Zaf shook his head, unzipping his jacket and shifting his sandwich from hand to hand as he slid out of the sleeves. “You need someone to keep an eye on you.”
“Keep saying that and I might decide you’re a misogynist.”
“Is that what you think?” He wrapped his jacket ar
ound her shoulders, then squeezed her upper arm. His eyes met hers, not with a challenge, but with quiet, open care—as if he was actually waiting for a response.
“Well, no. I was joking.”
“Oh. Good.” He smiled slightly, and they stood like that for long moments, close and connected in the shadows. Dani thought she felt a gentle tug within her chest, as if there was a ribbon tied around her breastbone, connected to the curve of Zaf’s solemn mouth.
Then he let go, and stepped back, and took a bite of his sandwich, and the moment dissolved.
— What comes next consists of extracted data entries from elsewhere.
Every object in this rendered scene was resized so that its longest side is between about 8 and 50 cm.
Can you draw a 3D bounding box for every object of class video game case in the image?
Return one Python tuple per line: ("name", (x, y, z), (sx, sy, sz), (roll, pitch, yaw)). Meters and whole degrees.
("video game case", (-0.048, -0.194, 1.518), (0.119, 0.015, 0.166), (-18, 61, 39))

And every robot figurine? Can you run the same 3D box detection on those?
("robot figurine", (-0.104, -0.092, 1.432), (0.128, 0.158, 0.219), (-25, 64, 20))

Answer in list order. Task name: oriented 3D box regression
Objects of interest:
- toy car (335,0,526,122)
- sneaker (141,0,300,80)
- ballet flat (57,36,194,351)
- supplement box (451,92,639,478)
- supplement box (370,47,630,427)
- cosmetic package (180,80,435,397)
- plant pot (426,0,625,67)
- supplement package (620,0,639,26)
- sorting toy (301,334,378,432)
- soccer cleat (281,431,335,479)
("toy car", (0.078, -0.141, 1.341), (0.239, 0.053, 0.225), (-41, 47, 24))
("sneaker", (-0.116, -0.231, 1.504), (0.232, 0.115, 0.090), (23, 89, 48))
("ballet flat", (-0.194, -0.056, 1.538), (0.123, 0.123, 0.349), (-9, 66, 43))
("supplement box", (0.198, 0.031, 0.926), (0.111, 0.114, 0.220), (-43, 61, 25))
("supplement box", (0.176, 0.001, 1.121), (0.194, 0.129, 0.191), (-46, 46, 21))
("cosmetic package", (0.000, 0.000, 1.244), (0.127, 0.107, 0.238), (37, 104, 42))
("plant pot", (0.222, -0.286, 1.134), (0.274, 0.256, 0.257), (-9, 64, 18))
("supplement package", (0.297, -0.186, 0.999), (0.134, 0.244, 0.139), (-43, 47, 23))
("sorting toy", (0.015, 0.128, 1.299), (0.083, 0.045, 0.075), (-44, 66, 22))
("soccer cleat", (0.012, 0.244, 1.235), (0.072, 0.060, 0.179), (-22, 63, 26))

Which was fortunate, as she had no idea what the bloody hell had just happened and would prefer to forget about it completely.
To that end, she cleared her throat and gave her borrowed jacket an assessing stare. “Hmm. Not bad. And it’s almost black.”
“Yep. One hundred percent nylon, too. Nothing but luxury.”
She laughed, but the sound was slightly breathless. His fault: she could see more of him now he’d stripped off for her. The way his shirt stretched tight over his chest, the corded muscle on his exposed forearms—it was all deliriously visible. The hair on his arms was dense and black and silky. He had ridiculously thick wrists. His hands were big and long-fingered and he was currently using them to unplug his earbuds from his phone.
“Listening to porn again?” she asked, pushing all horny thoughts firmly aside. Small talk, then sexual propositions, that was the rule. Although, she supposed discussing porn might be blurring boundaries. Oh, well.
Zaf’s cheeks flushed darker. “I was never listening to porn. I listen to romance novels.”
Erm . . . what?
“I beg your pardon,” she sputtered after a moment. “Did you just say you listen to romance novels?”